We found evidence of two emerging CFMem clades with additional resistances to penicillin, tetracycline, and ciprofloxacin7,14,48,61. These lineages contained isolates with the MLST ST14283 and ST7363 (Clade D, n = 6, 2012–2017) and MLST ST1600 and ST1579 (Clade G, n = 6, 2014–2017) designation in addition to mosaic penA alleles (penA-10 and penA-27, respectively). Notably, the MLST ST7363 lineage among others (e.g., ST1901) have been attributed to the historical emergence and spread of gonococcal strains with mosaic penA-10 and reduced susceptibility to cephalosporins, especially cefixime, and other oral ESCs, beginning around the mid-1990s in metropolitan Japanese cities7,14,24. The ability to identify these clades at fine resolution highlights the utility of WGS-based phylogenomics when combined with epidemiologic and phenotypic data in unraveling various strain populations. Future studies that incorporate data from this study will reveal if these lineages continue to persist and how they compare to known strains with reduced susceptibility to cephalosporins.

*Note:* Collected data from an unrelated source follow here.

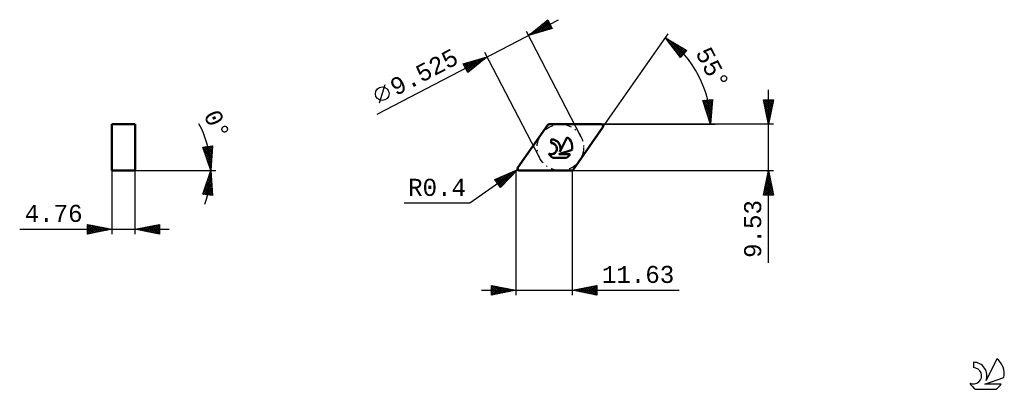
# Model space of a CAD drawing. Header units: millimetres. Extents: x -102 to 100, y -45 to 31.
import ezdxf
from ezdxf.enums import TextEntityAlignment as Align

# ---------------------------------------------------------------- set-up
doc = ezdxf.new("R2010")
doc.units = ezdxf.units.MM
doc.header["$LTSCALE"] = 4.5
doc.linetypes.add('LONGDASH_DASH', pattern=[0.85, 0.4, -0.2, 0.05, -0.2])
for name, color, linetype in [('1', 4, 'CONTINUOUS'), ('CUT', 1, 'CONTINUOUS'), ('SK2', 7, 'CONTINUOUS'), ('SK4', 2, 'LONGDASH_DASH'), ('SK6', 5, 'CONTINUOUS'), ('SKVIEW1', 4, 'CONTINUOUS'), ('SKVIEW2', 7, 'CONTINUOUS')]:
    doc.layers.add(name, color=color, linetype=linetype)
doc.styles.get("Standard").update_dxf_attribs({"font": 'Monospac821 BT'})

msp = doc.modelspace()

# ---------------------------------------------------------------- linework, layer by layer
at = {"layer": '1', "color": 4, "linetype": 'CONTINUOUS', "lineweight": 50}
for p, q in [((0.44, 0.62), (6.55, 9.36)), ((6.88, 9.52), (17.53, 9.52)), ((11.75, 0.17), (17.86, 8.9)), ((7.27, 5.66), (7.27, 6.41)), ((9.04, 3.85), (10.53, 6.89)), ((8.86, 3.38), (11.53, 4.3)), ((7.59, 2.64), (10.4, 2.64)), ((8.86, 3.38), (11.15, 3.38)), ((0.76, 0), (11.42, 0))]:
    msp.add_line(p, q, dxfattribs=at)
for centre, radius, start, end in [((6.88, 9.13), 0.397, 90, 145), ((17.53, 9.13), 0.397, 325, 90), ((7.29, 4.53), 1.88, 338.9379, 90.4446), ((8.99, 4.81), 2.59, 348.7239, 53.4691), ((7.28, 4.51), 1.14, 243.4215, 90.3602), ((8.99, 4.81), 2.59, 210.5484, 236.978), ((8.99, 4.81), 2.59, 303.022, 326.3732), ((0.76, 0.4), 0.397, 145, 270), ((11.42, 0.4), 0.397, 270, 325)]:
    msp.add_arc(centre, radius, start, end, dxfattribs=at)
at = {"layer": 'CUT', "color": 1, "linetype": 'CONTINUOUS', "lineweight": 25}
for p, q in [((6.55, 9.36), (0.44, 0.62)), ((17.53, 9.52), (6.88, 9.52)), ((11.75, 0.17), (17.86, 8.9)), ((0.76, 0), (11.42, 0))]:
    msp.add_line(p, q, dxfattribs=at)
for centre, start, end in [((6.88, 9.13), 90, 145), ((17.53, 9.13), 325, 90), ((0.76, 0.4), 145, 270), ((11.42, 0.4), 270, 325)]:
    msp.add_arc(centre, 0.397, start, end, dxfattribs=at)
at = {"layer": 'SK2', "color": 7, "linetype": 'CONTINUOUS', "lineweight": 25}
for p, q in [((-28.37, 11.58), (8.79, 30.92)), ((2.58, 27.69), (6.56, 30.89)), ((3.89, 28.07), (6.61, 30.79)), ((4.48, 28.24), (6.75, 30.51)), ((5.79, 30.27), (7.07, 28.99)), ((6.03, 30.46), (7.4, 29.09)), ((6.26, 30.65), (7.13, 29.78)), ((6.5, 30.84), (6.67, 30.66)), ((6.56, 30.89), (7.48, 29.11)), ((2.12, 28.58), (13.37, 6.96)), ((7.48, 29.11), (2.58, 27.69)), ((3.29, 27.9), (5.14, 29.75)), ((3.44, 28.38), (3.78, 28.04)), ((3.68, 28.57), (4.11, 28.13)), ((3.91, 28.76), (4.44, 28.23)), ((4.15, 28.95), (4.77, 28.32)), ((4.38, 29.14), (5.1, 28.42)), ((4.62, 29.33), (5.43, 28.52)), ((4.85, 29.51), (5.75, 28.61)), ((5.08, 28.42), (6.9, 30.23)), ((5.09, 29.7), (6.08, 28.71)), ((5.32, 29.89), (6.41, 28.8)), ((5.56, 30.08), (6.74, 28.9)), ((5.68, 28.59), (7.04, 29.95)), ((6.28, 28.76), (7.19, 29.67)), ((6.87, 28.94), (7.33, 29.39)), ((7.47, 29.11), (7.48, 29.12)), ((2.69, 27.72), (2.97, 28)), ((2.73, 27.81), (2.8, 27.75)), ((2.97, 28), (3.12, 27.85)), ((3.2, 28.19), (3.45, 27.94)), ((17.86, 8.9), (31.26, 28.04)), ((30.69, 27.22), (35.09, 24.64)), ((33.76, 23.15), (30.69, 27.22)), ((30.71, 27.19), (30.72, 27.2)), ((30.89, 26.95), (30.99, 27.04)), ((31.07, 26.71), (31.25, 26.89)), ((31.21, 26.91), (34.33, 23.79)), ((31.26, 26.46), (31.52, 26.73)), ((31.32, 26.38), (34.13, 23.57)), ((31.44, 26.22), (31.79, 26.57)), ((31.62, 25.98), (32.06, 26.42)), ((31.8, 25.74), (32.32, 26.26)), ((32.24, 26.31), (34.53, 24.02)), ((31.99, 25.5), (32.59, 26.1)), ((32.17, 25.26), (32.86, 25.95)), ((32.35, 25.01), (33.13, 25.79)), ((32.53, 24.77), (33.39, 25.63)), ((32.62, 24.65), (33.93, 23.34)), ((32.72, 24.53), (33.66, 25.48)), ((32.9, 24.29), (33.93, 25.32)), ((33.08, 24.05), (34.2, 25.16)), ((33.26, 25.71), (34.73, 24.24)), ((33.26, 23.81), (34.47, 25.01)), ((33.45, 23.56), (34.73, 24.85)), ((33.63, 23.32), (35, 24.69)), ((35.09, 24.64), (33.76, 23.15)), ((34.28, 25.11), (34.93, 24.47)), ((-10.76, 21.87), (-5.87, 23.29)), ((-10.48, 21.34), (-9.62, 22.2)), ((-10.34, 21.06), (-9.02, 22.38)), ((-10.19, 20.78), (-8.42, 22.55)), ((-10.05, 20.5), (-7.82, 22.72)), ((-9.9, 20.22), (-7.23, 22.9)), ((-5.87, 23.29), (-9.84, 20.1)), ((-9.51, 22.24), (-8.47, 21.2)), ((-9.18, 22.33), (-8.23, 21.39)), ((-8.85, 22.43), (-8, 21.58)), ((-8.63, 21.07), (-6.63, 23.07)), ((-8.52, 22.52), (-7.76, 21.77)), ((-8.19, 22.62), (-7.53, 21.95)), ((-7.86, 22.71), (-7.29, 22.14)), ((-7.53, 22.81), (-7.06, 22.33)), ((-7.21, 22.9), (-6.82, 22.52)), ((-6.88, 23), (-6.59, 22.71)), ((-6.55, 23.09), (-6.35, 22.9)), ((-6.46, 22.82), (-6.03, 23.24)), ((4.92, 2.56), (-6.33, 24.18)), ((-6.22, 23.19), (-6.12, 23.09)), ((-5.89, 23.29), (-5.88, 23.28)), ((-9.84, 20.1), (-10.76, 21.87)), ((-10.68, 21.71), (-9.41, 20.44)), ((-10.63, 21.61), (-10.21, 22.03)), ((-10.49, 21.95), (-9.18, 20.63)), ((-10.22, 20.83), (-9.65, 20.25)), ((-10.16, 22.04), (-8.94, 20.82)), ((-9.84, 22.14), (-8.71, 21.01)), ((-27.95, 13.88), (-26.76, 17.66)), ((51.8, -18.9), (51.8, 16.53)), ((38.33, 14.38), (40.31, 14.61)), ((39.9, 9.52), (38.33, 14.38)), ((38.33, 14.37), (38.34, 14.38)), ((38.37, 14.24), (40.14, 12.47)), ((38.43, 14.05), (38.82, 14.43)), ((38.54, 13.73), (39.3, 14.49)), ((38.62, 14.41), (40.17, 12.86)), ((38.64, 13.41), (39.78, 14.55)), ((38.74, 13.09), (40.26, 14.6)), ((38.85, 12.76), (40.28, 14.2)), ((39, 14.45), (40.2, 13.26)), ((39.38, 14.5), (40.23, 13.65)), ((39.76, 14.54), (40.27, 14.04)), ((40.31, 14.61), (39.9, 9.52)), ((40.14, 14.59), (40.3, 14.43)), ((51.8, 9.53), (50.8, 14.53)), ((50.8, 14.53), (52.8, 14.53)), ((50.81, 14.53), (52.47, 12.87)), ((50.85, 14.27), (51.11, 14.53)), ((50.92, 13.92), (51.53, 14.53)), ((50.99, 13.57), (51.95, 14.53)), ((51.06, 13.21), (52.38, 14.53)), ((51.13, 12.86), (52.8, 14.52)), ((51.23, 14.53), (52.54, 13.22)), ((51.66, 14.53), (52.61, 13.58)), ((52.8, 14.53), (51.8, 9.53)), ((52.08, 14.53), (52.68, 13.93)), ((52.5, 14.53), (52.75, 14.29)), ((38.57, 13.61), (40.11, 12.08)), ((38.78, 12.98), (40.07, 11.69)), ((38.95, 12.44), (40.24, 13.73)), ((38.98, 12.36), (40.04, 11.29)), ((39.06, 12.12), (40.2, 13.27)), ((39.16, 11.8), (40.17, 12.81)), ((39.26, 11.48), (40.13, 12.35)), ((50.9, 14.01), (52.39, 12.52)), ((51.01, 13.48), (52.32, 12.16)), ((51.11, 12.95), (52.25, 11.81)), ((51.2, 12.5), (52.69, 13.99)), ((51.22, 12.42), (52.18, 11.46)), ((51.27, 12.15), (52.58, 13.46)), ((51.34, 11.8), (52.48, 12.93)), ((51.41, 11.44), (52.37, 12.4)), ((39.18, 11.73), (40.01, 10.9)), ((39.37, 11.16), (40.09, 11.89)), ((39.39, 11.1), (39.98, 10.51)), ((39.47, 10.84), (40.05, 11.42)), ((39.57, 10.52), (40.01, 10.96)), ((39.59, 10.47), (39.95, 10.12)), ((39.68, 10.2), (39.98, 10.5)), ((51.33, 11.89), (52.11, 11.1)), ((51.43, 11.36), (52.04, 10.75)), ((51.49, 11.09), (52.27, 11.87)), ((51.54, 10.83), (51.97, 10.4)), ((51.56, 10.74), (52.16, 11.34)), ((51.63, 10.38), (52.05, 10.81)), ((51.64, 10.3), (51.9, 10.04)), ((51.7, 10.03), (51.95, 10.28)), ((17.53, 9.52), (39.9, 9.52)), ((52.8, 9.53), (17.53, 9.53)), ((39.78, 9.88), (39.94, 10.04)), ((39.79, 9.85), (39.91, 9.73)), ((39.89, 9.56), (39.9, 9.58)), ((39.9, 9.52), (40.9, 9.52)), ((51.75, 9.77), (51.83, 9.69)), ((51.77, 9.68), (51.84, 9.75)), ((0.41, 0.21), (-9.42, -6.67)), ((-4.26, -1.84), (0.41, 0.21)), ((-3.19, -3.37), (0.38, 0.2)), ((0.41, 0.21), (-3.11, -3.47)), ((0.1, 0.08), (0.19, -0.01)), ((0.4, 0.21), (0.4, 0.21)), ((11.42, 0), (52.8, 0)), ((11.63, -25.5), (11.63, 0)), ((50.8, -5), (51.8, 0)), ((51.8, 0), (52.8, -5)), ((-3.11, -3.47), (-4.26, -1.84)), ((-4.23, -1.87), (-4.15, -1.79)), ((-4.06, -2.12), (-3.4, -1.46)), ((-4.02, -1.73), (-2.71, -3.05)), ((-3.88, -2.37), (-2.64, -1.13)), ((-3.73, -1.6), (-2.5, -2.83)), ((-3.71, -2.62), (-1.88, -0.79)), ((-3.54, -2.87), (-1.13, -0.46)), ((-3.43, -1.47), (-2.29, -2.62)), ((-3.36, -3.12), (-0.37, -0.13)), ((-3.14, -1.34), (-2.09, -2.4)), ((-2.84, -1.21), (-1.88, -2.18)), ((-2.55, -1.09), (-1.67, -1.96)), ((-2.26, -0.96), (-1.46, -1.75)), ((-1.96, -0.83), (-1.26, -1.53)), ((-1.67, -0.7), (-1.05, -1.31)), ((-1.37, -0.57), (-0.84, -1.1)), ((-1.08, -0.44), (-0.63, -0.88)), ((-0.78, -0.31), (-0.43, -0.66)), ((-0.49, -0.18), (-0.22, -0.45)), ((-0.19, -0.05), (-0.01, -0.23)), ((0, -0.22), (0, -25.5)), ((51.2, -2.98), (52.19, -1.99)), ((51.31, -2.45), (52.12, -1.63)), ((51.41, -1.92), (52.05, -1.28)), ((51.44, -1.8), (52.34, -2.7)), ((51.51, -1.45), (52.23, -2.17)), ((51.52, -1.39), (51.98, -0.93)), ((51.58, -1.09), (52.12, -1.64)), ((51.63, -0.86), (51.91, -0.57)), ((51.65, -0.74), (52.02, -1.11)), ((51.72, -0.38), (51.91, -0.58)), ((51.73, -0.33), (51.84, -0.22)), ((51.79, -0.03), (51.81, -0.05)), ((-4.06, -2.13), (-2.91, -3.27)), ((50.88, -4.57), (52.41, -3.05)), ((50.88, -5), (52.48, -3.4)), ((50.99, -4.04), (52.34, -2.69)), ((51.01, -3.92), (52.09, -5)), ((51.08, -3.57), (52.52, -5)), ((51.1, -3.51), (52.27, -2.34)), ((51.15, -3.21), (52.76, -4.82)), ((51.23, -2.86), (52.66, -4.29)), ((51.3, -2.51), (52.55, -3.76)), ((51.3, -5), (52.55, -3.75)), ((51.37, -2.15), (52.44, -3.23)), ((50.8, -4.98), (50.82, -5)), ((52.8, -5), (50.8, -5)), ((50.87, -4.63), (51.24, -5)), ((50.94, -4.27), (51.67, -5)), ((51.73, -5), (52.62, -4.11)), ((52.15, -5), (52.69, -4.46)), ((52.58, -5), (52.76, -4.81)), ((-9.42, -6.67), (-22.84, -6.67)), ((-5, -25.5), (-5, -23.5)), ((-5, -23.5), (0, -24.5)), ((-5, -23.86), (-4.7, -23.56)), ((-5, -24.28), (-4.35, -23.63)), ((-5, -24.71), (-3.99, -23.7)), ((-5, -25.13), (-3.64, -23.77)), ((-5, -23.86), (-3.63, -25.23)), ((-4.93, -25.49), (-3.29, -23.84)), ((-4.92, -23.52), (-3.28, -25.16)), ((-4.4, -25.38), (-2.93, -23.91)), ((-4.39, -23.62), (-2.93, -25.09)), ((-3.87, -25.27), (-2.58, -23.98)), ((-3.86, -23.73), (-2.57, -25.01)), ((-3.34, -25.17), (-2.22, -24.06)), ((-3.33, -23.83), (-2.22, -24.94)), ((-2.81, -25.06), (-1.87, -24.13)), ((-2.8, -23.94), (-1.87, -24.87)), ((-2.28, -24.96), (-1.52, -24.2)), ((-2.27, -24.05), (-1.51, -24.8)), ((-1.74, -24.15), (-1.16, -24.73)), ((11.63, -24.5), (16.63, -23.5)), ((12.93, -24.76), (13.59, -24.11)), ((13.29, -24.83), (14.12, -24)), ((13.29, -24.17), (14.13, -25)), ((13.64, -24.9), (14.65, -23.9)), ((13.65, -24.1), (14.66, -25.11)), ((14, -24.97), (15.18, -23.79)), ((14, -24.03), (15.19, -25.21)), ((14.35, -25.04), (15.71, -23.68)), ((14.35, -23.96), (15.72, -25.32)), ((14.7, -25.11), (16.24, -23.58)), ((14.71, -23.88), (16.25, -25.42)), ((15.06, -25.19), (16.63, -23.61)), ((15.06, -23.81), (16.63, -25.38)), ((15.41, -23.74), (16.63, -24.96)), ((15.41, -25.26), (16.63, -24.04)), ((15.77, -23.67), (16.63, -24.53)), ((16.12, -23.6), (16.63, -24.11)), ((16.48, -23.53), (16.63, -23.69)), ((16.63, -23.5), (16.63, -25.5)), ((-7, -24.5), (33.51, -24.5)), ((-5, -24.28), (-3.99, -25.3)), ((0, -24.5), (-5, -25.5)), ((-5, -24.71), (-4.34, -25.37)), ((-5, -25.13), (-4.69, -25.44)), ((-1.75, -24.85), (-1.16, -24.27)), ((-1.22, -24.74), (-0.81, -24.34)), ((-1.21, -24.26), (-0.81, -24.66)), ((-0.69, -24.64), (-0.46, -24.41)), ((-0.68, -24.36), (-0.45, -24.59)), ((-0.16, -24.53), (-0.1, -24.48)), ((-0.15, -24.47), (-0.1, -24.52)), ((16.63, -25.5), (11.63, -24.5)), ((11.87, -24.55), (12, -24.43)), ((11.88, -24.45), (12, -24.57)), ((12.23, -24.62), (12.53, -24.32)), ((12.23, -24.38), (12.53, -24.68)), ((12.58, -24.69), (13.06, -24.21)), ((12.59, -24.31), (13.06, -24.79)), ((12.94, -24.24), (13.59, -24.89)), ((15.76, -25.33), (16.63, -24.46)), ((16.12, -25.4), (16.63, -24.88)), ((16.47, -25.47), (16.63, -25.31))]:
    msp.add_line(p, q, dxfattribs=at)
msp.add_circle((-27.36, 15.77), 1.4, dxfattribs=at)
msp.add_arc((18.3, 9.52), 21.6, 0, 55, dxfattribs=at)
at = {"layer": 'SK4', "color": 2, "linetype": 'LONGDASH_DASH', "lineweight": 25}
msp.add_circle((9.15, 4.76), 4.76, dxfattribs=at)
at = {"layer": 'SK6', "color": 5, "linetype": 'CONTINUOUS', "lineweight": 25}
for p, q in [((93.79, -39.25), (93.79, -40.35)), ((98.58, -38.54), (96.39, -43)), ((96.13, -43.7), (100.05, -42.34)), ((99.49, -43.7), (96.13, -43.7)), ((94.25, -44.78), (98.39, -44.78))]:
    msp.add_line(p, q, dxfattribs=at)
for centre, radius, start, end in [((93.8, -42.03), 1.68, 243.4215, 90.3602), ((93.81, -42.01), 2.76, 338.9379, 90.4446), ((96.32, -41.6), 3.8, 348.7239, 53.4691), ((96.32, -41.6), 3.8, 210.5484, 236.978), ((96.32, -41.6), 3.8, 303.022, 326.3732)]:
    msp.add_arc(centre, radius, start, end, dxfattribs=at)
at = {"layer": 'SKVIEW1', "color": 4, "linetype": 'CONTINUOUS', "lineweight": 50}
for p, q in [((-82.76, 0), (-82.76, 9.52)), ((-82.76, 9.52), (-78, 9.52)), ((-78, 9.52), (-78, 0)), ((-78, 0), (-82.76, 0))]:
    msp.add_line(p, q, dxfattribs=at)
at = {"layer": 'SKVIEW2', "color": 7, "linetype": 'CONTINUOUS', "lineweight": 25}
for p, q in [((-64.11, 4.84), (-62.12, 5.09)), ((-62.5, 0), (-64.11, 4.84)), ((-64.1, 4.81), (-64.07, 4.84)), ((-64.03, 4.6), (-62.29, 2.86)), ((-63.99, 4.49), (-63.59, 4.9)), ((-63.89, 4.18), (-63.1, 4.96)), ((-63.87, 4.87), (-62.26, 3.26)), ((-63.78, 3.86), (-62.62, 5.02)), ((-63.68, 3.54), (-62.13, 5.08)), ((-63.57, 3.22), (-62.16, 4.64)), ((-63.49, 4.91), (-62.23, 3.65)), ((-63.47, 2.9), (-62.19, 4.18)), ((-63.12, 4.96), (-62.2, 4.05)), ((-62.74, 5.01), (-62.17, 4.44)), ((-62.12, 5.09), (-62.5, 0)), ((-62.36, 5.06), (-62.14, 4.84)), ((-63.82, 3.97), (-62.32, 2.47)), ((-63.61, 3.33), (-62.35, 2.07)), ((-63.4, 2.7), (-62.38, 1.68)), ((-63.36, 2.58), (-62.23, 3.72)), ((-63.25, 2.27), (-62.26, 3.26)), ((-63.18, 2.06), (-62.41, 1.28)), ((-63.15, 1.95), (-62.29, 2.8)), ((-63.04, 1.63), (-62.33, 2.34)), ((-82.76, 0), (-62.5, 0)), ((-82.76, 0), (-82.76, -13)), ((-78, 0), (-62.5, 0)), ((-78, -13), (-78, 0)), ((-64.11, -4.84), (-62.5, 0)), ((-62.97, 1.42), (-62.43, 0.88)), ((-62.94, 1.31), (-62.36, 1.89)), ((-62.83, 0.99), (-62.39, 1.43)), ((-62.76, 0.79), (-62.46, 0.49)), ((-62.72, 0.67), (-62.43, 0.97)), ((-62.62, 0.36), (-62.46, 0.51)), ((-62.55, 0.15), (-62.49, 0.09)), ((-62.51, 0.04), (-62.5, 0.05)), ((-62.5, 0), (-61.5, 0)), ((-62.5, 0), (-61.5, 0)), ((-62.5, 0), (-62.12, -5.09)), ((-63.53, -3.09), (-62.36, -1.92)), ((-63.31, -2.45), (-62.39, -1.52)), ((-63.11, -1.83), (-62.31, -2.64)), ((-63.1, -1.81), (-62.42, -1.13)), ((-63, -1.52), (-62.34, -2.18)), ((-62.9, -1.2), (-62.37, -1.72)), ((-62.89, -1.18), (-62.45, -0.73)), ((-62.79, -0.88), (-62.41, -1.26)), ((-62.69, -0.56), (-62.44, -0.81)), ((-62.68, -0.54), (-62.48, -0.34)), ((-62.58, -0.24), (-62.47, -0.35)), ((-64.02, -4.85), (-62.27, -3.1)), ((-63.95, -4.36), (-62.3, -2.71)), ((-63.75, -3.74), (-62.44, -5.05)), ((-63.74, -3.72), (-62.33, -2.31)), ((-63.64, -3.43), (-62.14, -4.93)), ((-63.64, -4.9), (-62.24, -3.5)), ((-63.53, -3.11), (-62.17, -4.47)), ((-63.43, -2.79), (-62.2, -4.01)), ((-63.32, -2.47), (-62.24, -3.55)), ((-63.26, -4.94), (-62.21, -3.89)), ((-63.22, -2.15), (-62.27, -3.1)), ((-62.12, -5.09), (-64.11, -4.84)), ((-64.06, -4.7), (-63.9, -4.86)), ((-63.96, -4.38), (-63.41, -4.92)), ((-63.85, -4.06), (-62.93, -4.99)), ((-62.89, -4.99), (-62.18, -4.29)), ((-62.51, -5.04), (-62.15, -4.68)), ((-62.13, -5.08), (-62.13, -5.08)), ((-101.66, -12), (-71, -12)), ((-87.76, -13), (-87.76, -11)), ((-87.76, -11), (-82.76, -12)), ((-87.76, -11.16), (-87.63, -11.03)), ((-87.76, -11.59), (-87.27, -11.1)), ((-87.76, -11.16), (-86.23, -12.69)), ((-87.76, -12.01), (-86.92, -11.17)), ((-87.76, -12.44), (-86.57, -11.24)), ((-87.76, -12.86), (-86.21, -11.31)), ((-87.76, -11.59), (-86.59, -12.76)), ((-82.76, -12), (-87.76, -13)), ((-87.76, -12.01), (-86.94, -12.84)), ((-87.44, -11.07), (-85.88, -12.62)), ((-87.41, -12.93), (-85.86, -11.38)), ((-86.91, -11.17), (-85.53, -12.55)), ((-86.88, -12.82), (-85.5, -11.45)), ((-86.38, -11.28), (-85.17, -12.48)), ((-86.35, -12.72), (-85.15, -11.52)), ((-85.85, -11.38), (-84.82, -12.41)), ((-85.82, -12.61), (-84.8, -11.59)), ((-85.32, -11.49), (-84.47, -12.34)), ((-85.28, -12.5), (-84.44, -11.66)), ((-84.79, -11.6), (-84.11, -12.27)), ((-84.75, -12.4), (-84.09, -11.73)), ((-84.26, -11.7), (-83.76, -12.2)), ((-84.22, -12.29), (-83.74, -11.81)), ((-83.73, -11.81), (-83.4, -12.13)), ((-83.69, -12.19), (-83.38, -11.88)), ((-83.2, -11.91), (-83.05, -12.06)), ((-83.16, -12.08), (-83.03, -11.95)), ((-78, -12), (-73, -11)), ((-73, -13), (-78, -12)), ((-77.99, -12), (-77.98, -12)), ((-77.66, -11.93), (-77.49, -12.1)), ((-77.64, -12.07), (-77.45, -11.89)), ((-77.3, -11.86), (-76.96, -12.21)), ((-77.28, -12.14), (-76.92, -11.78)), ((-76.95, -11.79), (-76.43, -12.32)), ((-76.93, -12.21), (-76.39, -11.68)), ((-76.6, -11.72), (-75.9, -12.42)), ((-76.58, -12.29), (-75.86, -11.57)), ((-76.24, -11.65), (-75.36, -12.53)), ((-76.22, -12.36), (-75.33, -11.47)), ((-75.89, -11.58), (-74.83, -12.63)), ((-75.87, -12.43), (-74.8, -11.36)), ((-75.54, -11.51), (-74.3, -12.74)), ((-75.52, -12.5), (-74.27, -11.25)), ((-75.18, -11.44), (-73.77, -12.85)), ((-75.16, -12.57), (-73.74, -11.15)), ((-74.83, -11.37), (-73.24, -12.95)), ((-74.81, -12.64), (-73.21, -11.04)), ((-74.48, -11.29), (-73, -12.77)), ((-74.46, -12.71), (-73, -11.26)), ((-74.12, -11.22), (-73, -12.34)), ((-74.1, -12.78), (-73, -11.68)), ((-73.77, -11.15), (-73, -11.92)), ((-73.75, -12.85), (-73, -12.11)), ((-73.42, -11.08), (-73, -11.5)), ((-73.06, -11.01), (-73, -11.07)), ((-73, -11), (-73, -13)), ((-87.76, -12.44), (-87.29, -12.91)), ((-87.76, -12.86), (-87.65, -12.98)), ((-73.39, -12.92), (-73, -12.53)), ((-73.04, -12.99), (-73, -12.95))]:
    msp.add_line(p, q, dxfattribs=at)
msp.add_arc((-82.76, 0), 20.26, 340.1071, 28.3128, dxfattribs=at)

# ---------------------------------------------------------------- texts
at = {"layer": 'SK2', "color": 7, "linetype": 'CONTINUOUS', "lineweight": 25}
for s, rotation, p in [('9.525', 27.5, (-18.01, 18.66)), ('55°', 297.5, (38.79, 20.19)), ('9.53', 90, (50.3, -11.95))]:
    msp.add_text(s, height=3.5, rotation=rotation, dxfattribs=at).set_placement(p, align=Align.CENTER)
for s, p in [('R0.4', (-16.13, -5.17)), ('11.63', (25.07, -23))]:
    msp.add_text(s, height=3.5, dxfattribs=at).set_placement(p, align=Align.CENTER)
at = {"layer": 'SKVIEW2', "color": 7, "linetype": 'CONTINUOUS', "lineweight": 25}
msp.add_text('0°', height=3.5, rotation=293.6352, dxfattribs=at).set_placement((-62.83, 8.73), align=Align.CENTER)
msp.add_text('4.76', height=3.5, dxfattribs=at).set_placement((-94.71, -10.5), align=Align.CENTER)

doc.saveas('drawing.dxf')

Perhaps our most significant findings came from analysis of Clades A-B, the largest lineage containing ESCem isolates in our dataset. First described as “cefRS cluster 1” by Grad et al.26, this lineage showed evidence of continuing persistence across the United States, particularly on the Westcoast, and was predominantly within MSM networks, with a limited number of introductions into heterosexual networks26. Based on our phylogenomic analysis of genetically similar MLST ST1901 isolates from 1992 to 2017, we provide additional evidence that these strains share a common ancestor, and are likely descended from the clonal spread of strains originating from East Asia7,10,14,24. We estimate that a common ancestor of the Clade A-B ST1901 lineage may have emerged around the early twentieth century (1925, CI: 1913–1951), and spread into two deeply split lineages. Considering historical trends in global antibiotic usage, our data support other studies that propose a successive acquisition of AMR determinants in these ST1901 strains over time. In fact, the vast majority of all ST1901 strains in our dataset possessed a genomic background associated with resistance to penicillin (widely used between mid-1940s–1970s), tetracycline (1940s–1960s; mediated by rpsJ V57M mutations and tetM plasmid), and fluoroquinolones (widely used in the 1980s; mediated by gyraA S91F, D95A, D95G; parC S87R mutations)10. Evidence appears to support the hypothesis that the ST1901 strains acquired the penicillin, tetracycline, and the ciprofloxacin resistance phenotype first, before acquiring reduced susceptibility to ESCs20,21,22.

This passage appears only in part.